- [Assignment] Images do not belong in the copy; retype the rest of the entries below exactly.

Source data

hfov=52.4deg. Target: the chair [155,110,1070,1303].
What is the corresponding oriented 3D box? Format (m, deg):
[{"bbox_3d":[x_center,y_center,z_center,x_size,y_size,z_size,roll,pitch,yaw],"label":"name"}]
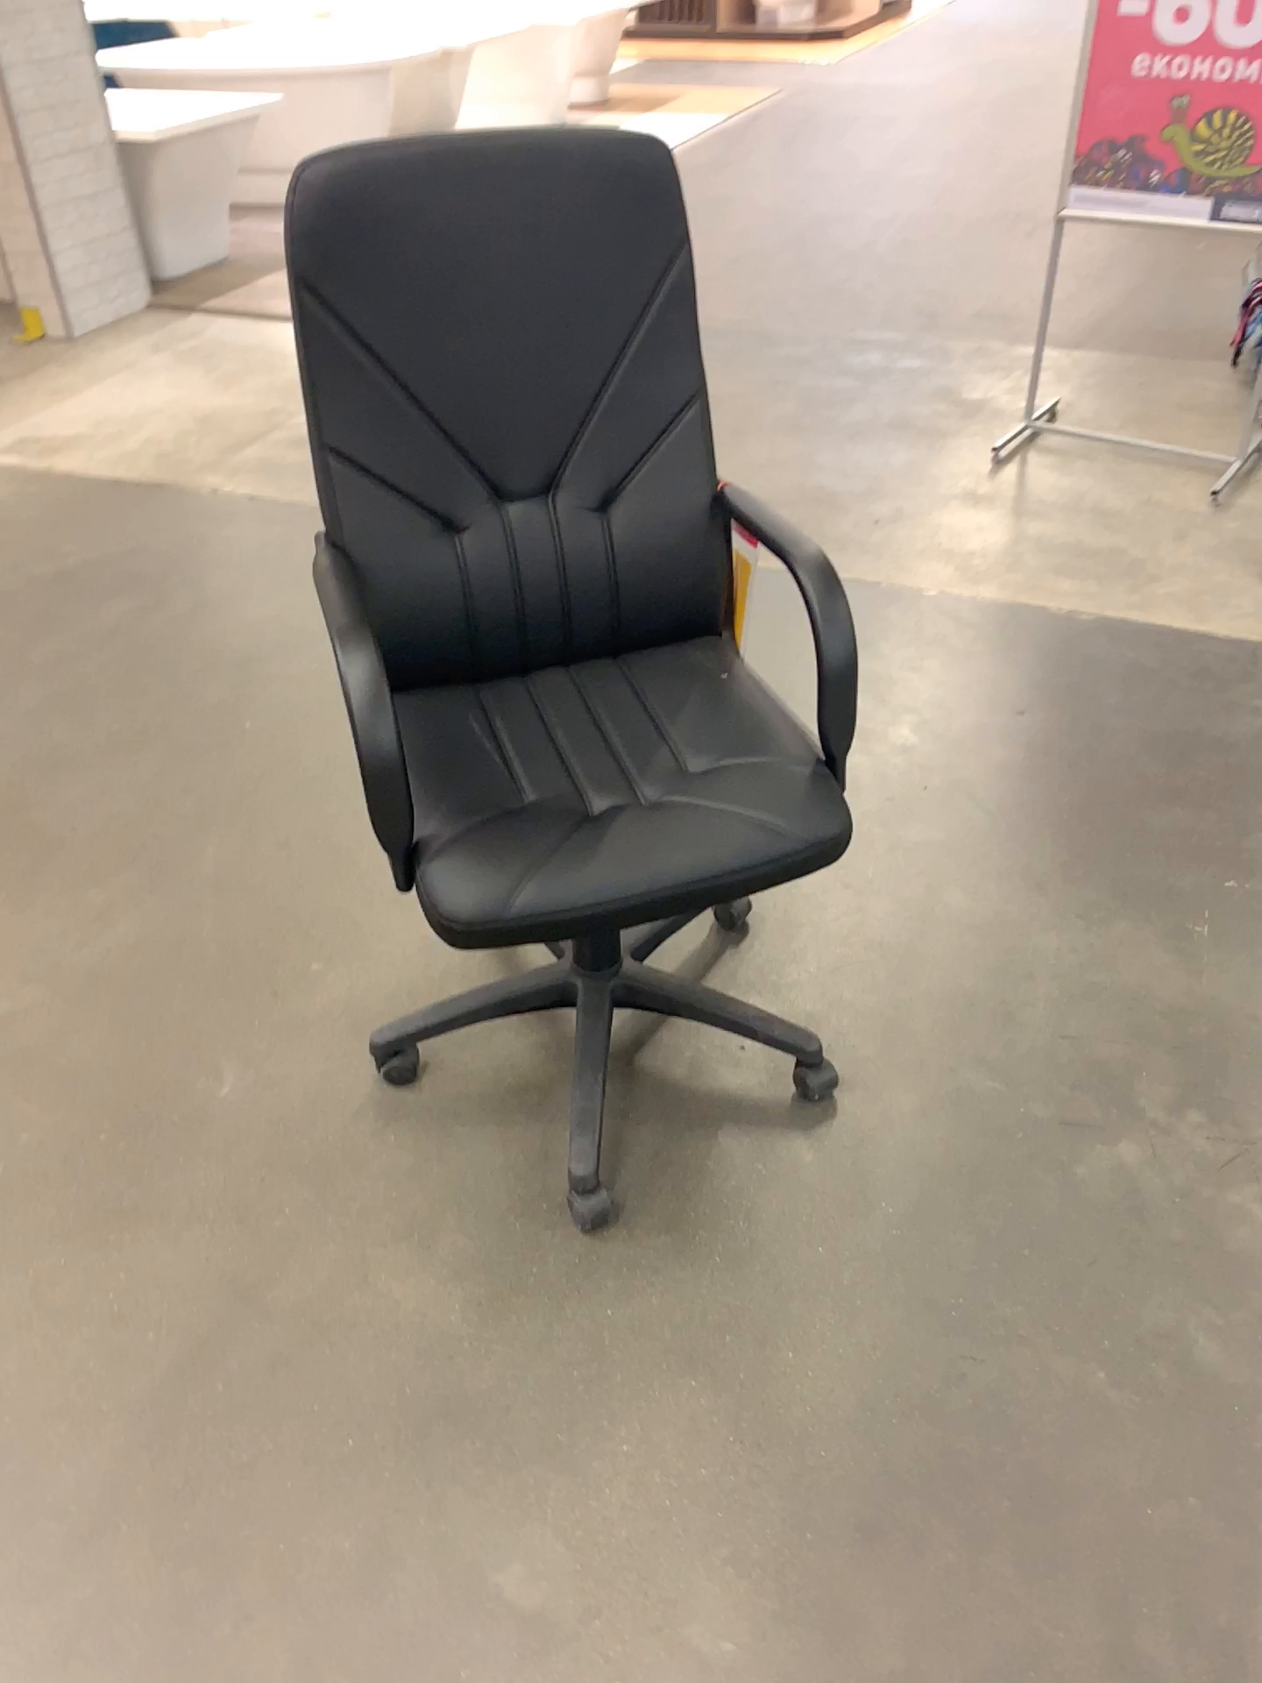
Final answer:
[{"bbox_3d":[-0.087,-0.196,1.560,0.670,1.084,0.814,-12,38,-14],"label":"chair"}]
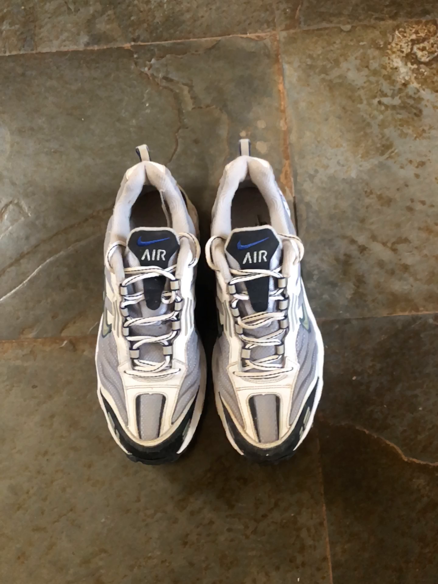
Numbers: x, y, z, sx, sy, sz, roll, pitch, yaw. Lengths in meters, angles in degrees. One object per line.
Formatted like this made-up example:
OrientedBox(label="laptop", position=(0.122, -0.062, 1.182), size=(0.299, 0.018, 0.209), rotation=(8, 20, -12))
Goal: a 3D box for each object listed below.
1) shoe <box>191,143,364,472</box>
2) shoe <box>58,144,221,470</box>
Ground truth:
OrientedBox(label="shoe", position=(0.042, 0.016, 0.432), size=(0.110, 0.110, 0.261), rotation=(-4, 72, 2))
OrientedBox(label="shoe", position=(-0.064, 0.017, 0.441), size=(0.110, 0.120, 0.261), rotation=(-4, 72, 2))
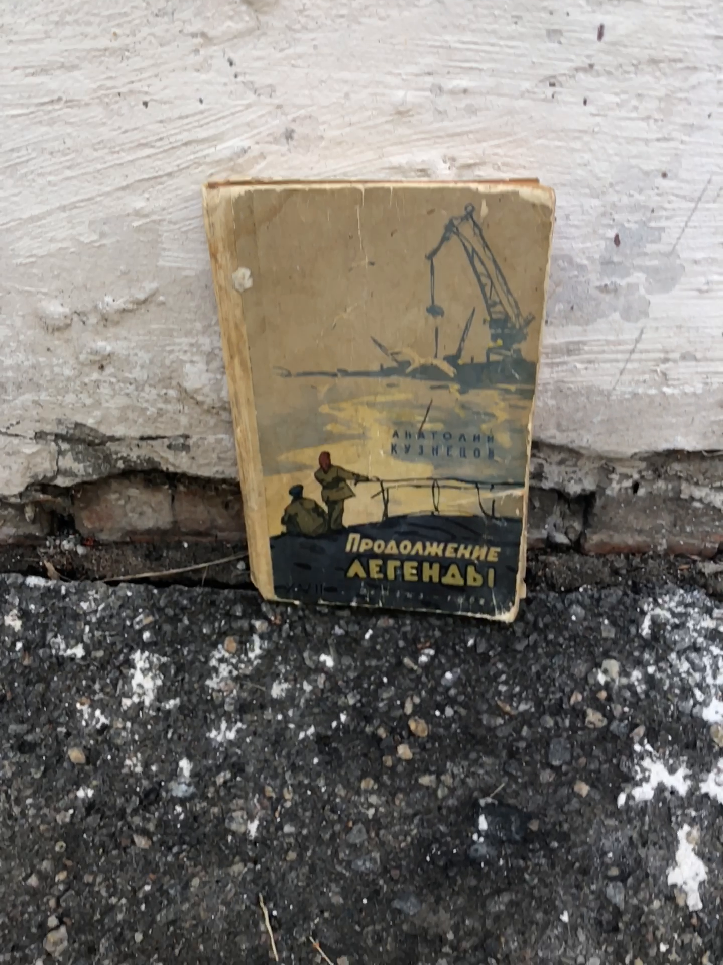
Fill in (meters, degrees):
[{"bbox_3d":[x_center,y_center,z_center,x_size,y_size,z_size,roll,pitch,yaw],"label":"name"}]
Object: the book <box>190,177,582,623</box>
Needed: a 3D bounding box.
[{"bbox_3d":[0.008,-0.028,0.334,0.136,0.181,0.030,3,28,5],"label":"book"}]

- [Written solution]
hfov=52.4deg. Target: the chair [155,110,1070,1303].
What is the corresponding oriented 3D box? Format (m, deg):
[{"bbox_3d":[x_center,y_center,z_center,x_size,y_size,z_size,roll,pitch,yaw],"label":"name"}]
Final answer:
[{"bbox_3d":[-0.087,-0.196,1.560,0.670,1.084,0.814,-12,38,-14],"label":"chair"}]
Numbers: x, y, z, sx, sy, sz, roll, pitch, yaw. Lengths in meters, angles in degrees. One object per line.
Formatted like this made-up example:
OrientedBox(label="laptop", position=(0.122, -0.062, 1.182), size=(0.299, 0.018, 0.209), rotation=(8, 20, -12))
Goal: a 3D box for each object listed below.
1) shoe <box>191,143,364,472</box>
2) shoe <box>58,144,221,470</box>
Ground truth:
OrientedBox(label="shoe", position=(0.042, 0.016, 0.432), size=(0.110, 0.110, 0.261), rotation=(-4, 72, 2))
OrientedBox(label="shoe", position=(-0.064, 0.017, 0.441), size=(0.110, 0.120, 0.261), rotation=(-4, 72, 2))
Fill in (meters, degrees):
[{"bbox_3d":[x_center,y_center,z_center,x_size,y_size,z_size,roll,pitch,yaw],"label":"name"}]
Object: the book <box>190,177,582,623</box>
Needed: a 3D bounding box.
[{"bbox_3d":[0.008,-0.028,0.334,0.136,0.181,0.030,3,28,5],"label":"book"}]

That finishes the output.